Virginia Tech scholars are teaming with education colleagues at the University of North Carolina at Chapel Hill and The American Battle Monuments Commission (ABMC) to create a World War I-focused, education program developed by teachers that will help students better understand the service, experience, and sacrifice of Americans that served and died during the Great War.

With the approach of the World War I centennial in 2014, this partnership establishes a teacher-scholar program that helps teachers create and develop lesson plans for fellow teachers. “The ABMC was created because of World War I, a war that changed not only the history of our country, but the history of the world,” said ABMC Secretary Max Cleland. “This is a great opportunity to introduce American children to all those we honor at our World War I overseas cemeteries.”

A team of education experts from three universities and colleges, and 12 middle and high schools will lead the effort to create a hands-on curriculum using the Meuse-Argonne American Cemetery in Verdun, France.

By the fall of 2014, lessons plans and teaching materials created during this teacher-scholar program will be publicly available online and free to download.  The university education team from Virginia Tech includes David Hicks, associate professor of history and social science education; Todd Ogle, senior director of Networked Knowledge Environments Technology-Enhanced Learning and Online Strategies; and Lisa Pennington of Portsmouth, Va., a graduate assistant in the School of Education.

“The Transatlantic Teacher Scholars Program: Change Over Time and Place in the Meuse-Argonne American Cemetery and Memorial” is a very exciting and innovative collaboration that will serve as a powerful educational portal into America’s forgotten war,” said Carol Mullen, director of the School of Education and associate dean for professional education in the College of Liberal Arts and Human Sciences at Virginia Tech. 

“The program reflects the School of Education’s commitment to facilitating inquiry-based digital history as well as humanities professional development initiatives that are designed to ultimately maximize students’ opportunities for authentic learning.”

“I am also thrilled to see two of our School of Education alumni – Chris Bunin and Patrick Touart – involved in the leadership team and transatlantic teacher-scholars program respectively,” added Mullin.  Bunin is an assistant professor of geography at Piedmont Virginia Community College-Albemarle while Touart teaches at Tunstall High School in Pittsylvania County.
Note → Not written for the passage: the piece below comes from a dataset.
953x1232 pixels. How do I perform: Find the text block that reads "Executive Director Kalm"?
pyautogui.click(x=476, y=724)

This experiential professional development program, based on a contract award of  $357,298, will provide the resources, support and opportunities for teachers across the country to craft inquiry-based units and lessons that are grounded in best practices as well as state standards. This curriculum will also be supported by emerging instructional technologies, including geospatial and augmented reality tools. Principal investigator for the project is Andy Mink, executive director of LEARN NC.